Details of the CRISPR-Cas9 system and its ability to introduce precise and apparently permanent changes to the genetic code were first published in 2013. Developed from a bacterial system that confers anti-viral protection, the ingenious CRISPR system uses the DNA-cleaving Cas9 enzyme bound to an RNA guide that directs it to the site of interest in the genome and a DNA template strand to direct cellular DNA repair – effectively removing a specific DNA section and replacing it with another.
Last month the first exemplar of therapeutic application of genome editing using the CRISPR system in a mouse was published in Nature Biotechnology. Adult mice with the murine form of hereditary tyrosinemia type I (HTI), a rare and severe genetic metabolic disease caused by mutation of the gene that encodes the enzyme fumarylacetoacetate hydrolase (FAH) were treated with a CRISPR construct including the healthy gene sequence, administered via high-pressure injections.
The gene sequence was corrected in about 1 in every 250 hepatocytes (liver cells), which subsequently proliferated until they comprised around a third of the total hepatocytes and provided an effective cure. Normally HTI prevents the metabolism of the amino acid tyrosine, which accumulates and can cause liver failure; it can be treated with a drug that blocks tyrosine production and a special diet. However, the mice who received genome editing survived in the absence of this previously essential drug treatment.
These results are an important step towards the goal of successful, long-term gene therapy to treat serious genetic diseases in humans, and underline the potential of the CRISPR-Cas9 system as a tool for genome editing.
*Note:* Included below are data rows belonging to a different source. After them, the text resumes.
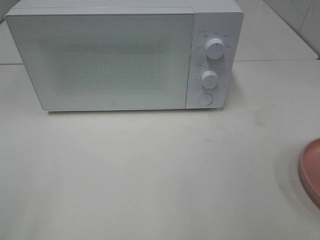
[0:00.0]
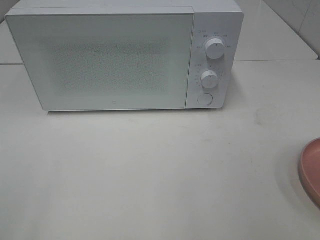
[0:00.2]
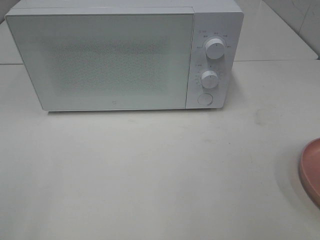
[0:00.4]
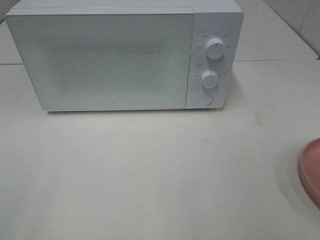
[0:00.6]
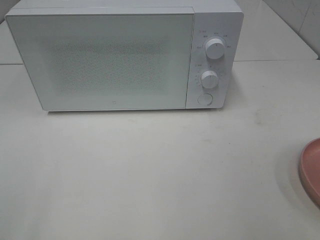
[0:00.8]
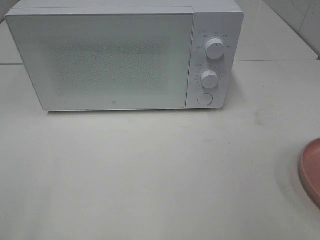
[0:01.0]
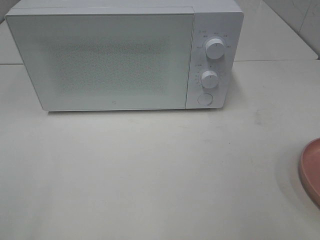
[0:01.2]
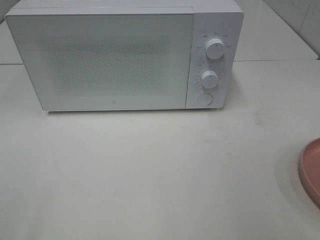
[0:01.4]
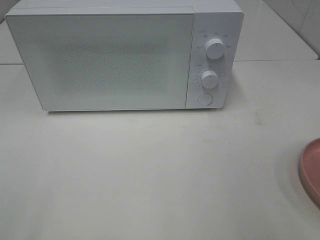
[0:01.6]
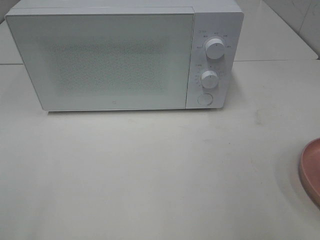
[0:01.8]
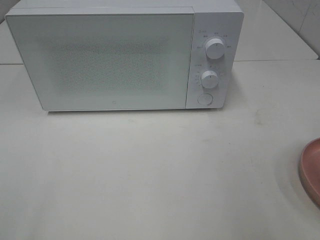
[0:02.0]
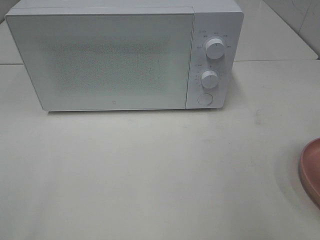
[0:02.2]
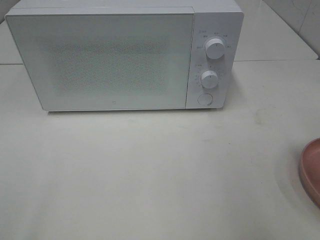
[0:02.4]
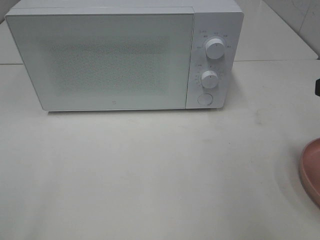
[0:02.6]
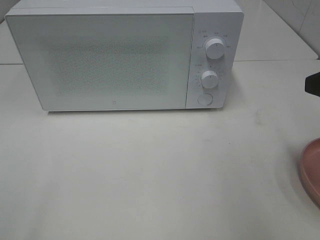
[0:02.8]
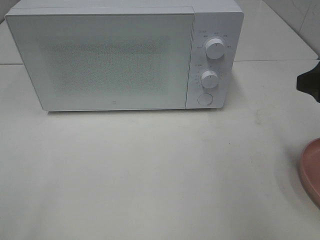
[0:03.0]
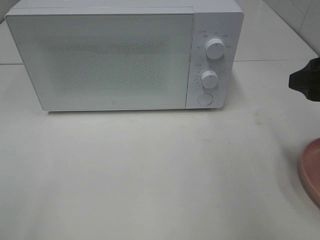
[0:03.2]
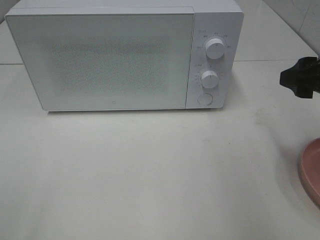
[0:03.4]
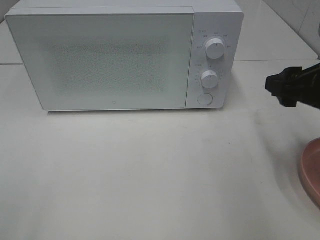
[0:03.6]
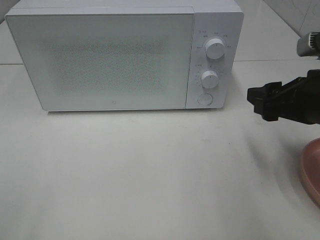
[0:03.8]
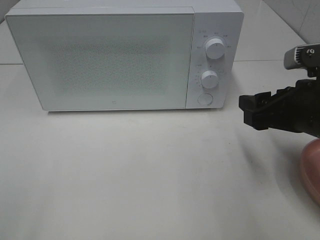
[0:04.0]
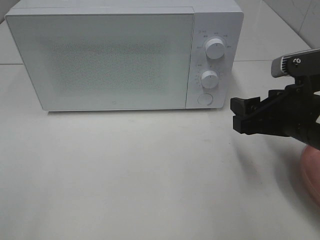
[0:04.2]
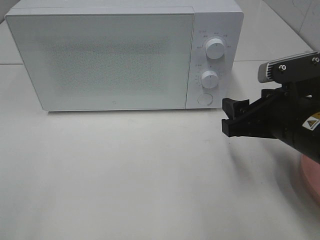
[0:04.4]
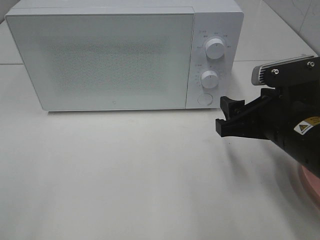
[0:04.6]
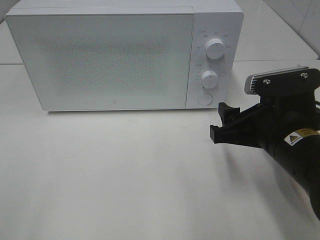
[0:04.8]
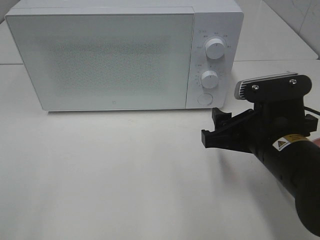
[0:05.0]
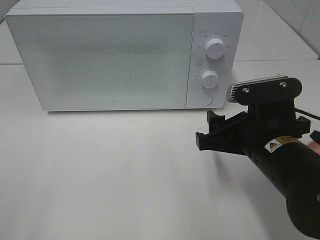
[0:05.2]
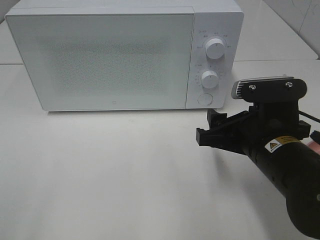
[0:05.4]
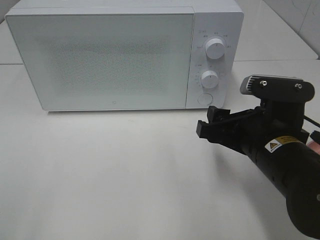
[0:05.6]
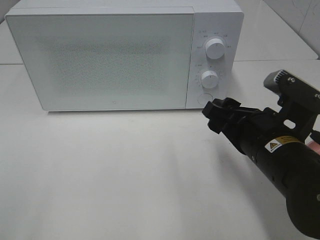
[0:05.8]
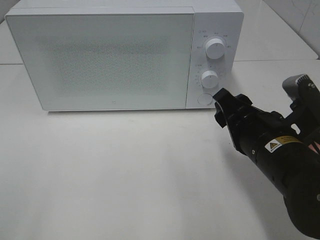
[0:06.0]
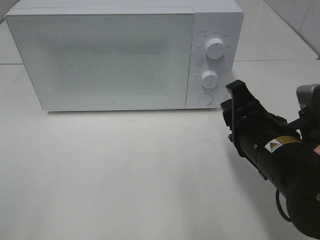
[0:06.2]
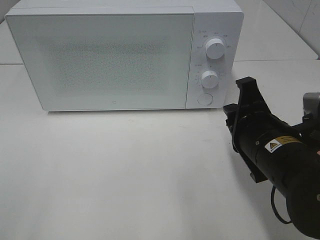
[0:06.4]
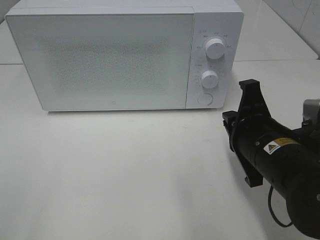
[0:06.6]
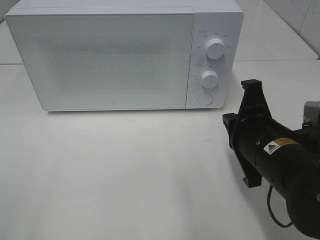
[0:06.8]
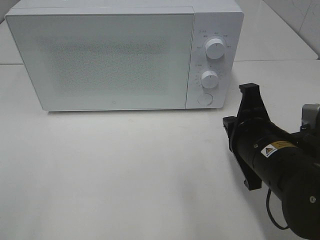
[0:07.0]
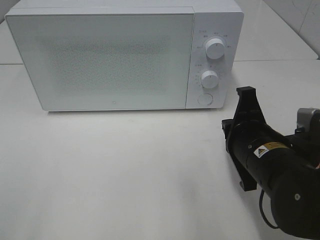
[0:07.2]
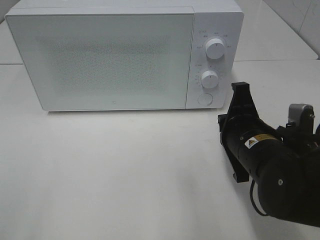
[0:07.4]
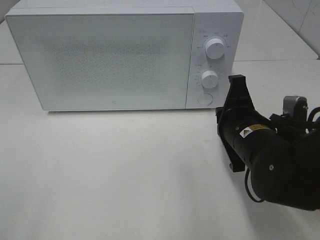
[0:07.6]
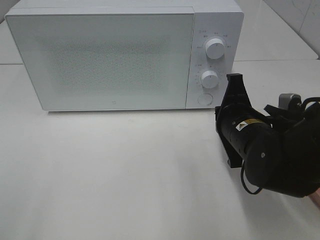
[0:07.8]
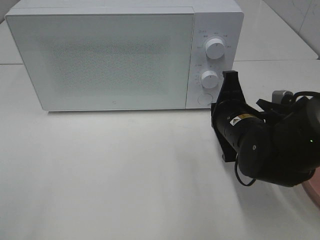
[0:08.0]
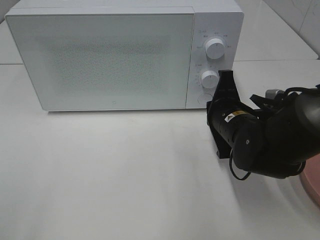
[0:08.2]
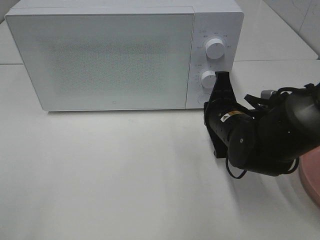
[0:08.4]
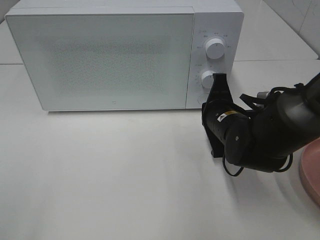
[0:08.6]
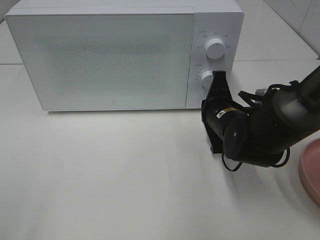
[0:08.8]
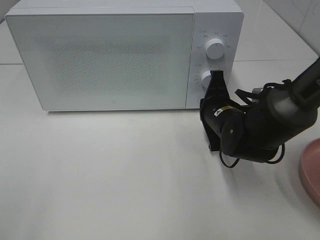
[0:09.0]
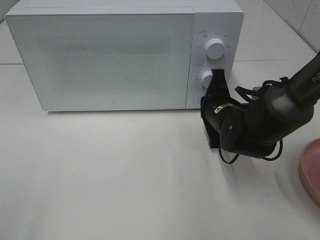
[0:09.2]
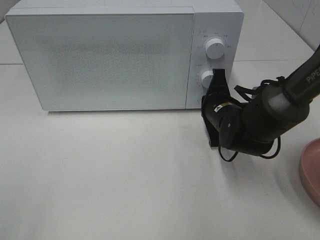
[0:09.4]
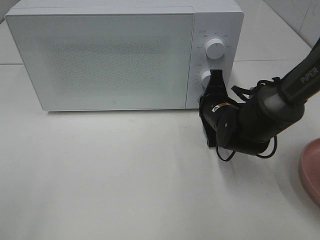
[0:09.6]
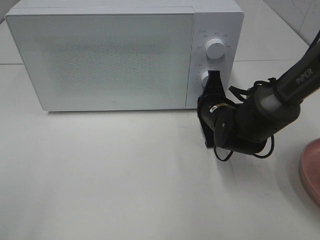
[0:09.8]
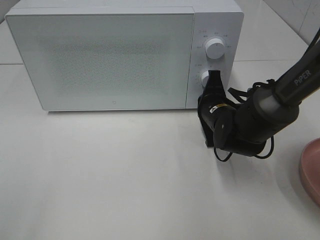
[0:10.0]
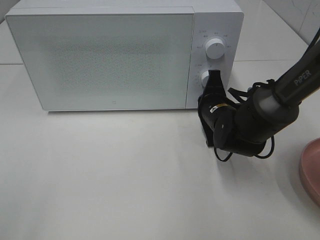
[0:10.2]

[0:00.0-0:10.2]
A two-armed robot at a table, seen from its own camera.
Task of the whole recording: Heat the burger.
1.4 to 3.0 s: The right gripper goes some 15 cm forward.
3.0 to 4.4 s: The right gripper goes about 10 cm downward and to the left.
5.8 to 7.2 s: The right gripper closes up.
7.2 to 8.8 s: The right gripper is displaced forward by some 10 cm.
8.8 to 10.2 s: The grippers stay close to where they were, moving slightly.

The new patent includes description of how the system could be used to treat specific genetic diseases, including many that lack effective treatments. Researchers in many different laboratories are already enthusiastically using and customising it, and will be hoping the patent will not prove a barrier. Encouragingly, Broad Institute director Eric Lander said: “Consistent with the Broad’s mission to accelerate the understanding and treatment of disease, we are committed to empowering the global research community by making this technology broadly available to scientists for research around the world”. This suggests that licensing arrangements for the technology should not be prohibitively expensive or in other ways likely to limit widespread application.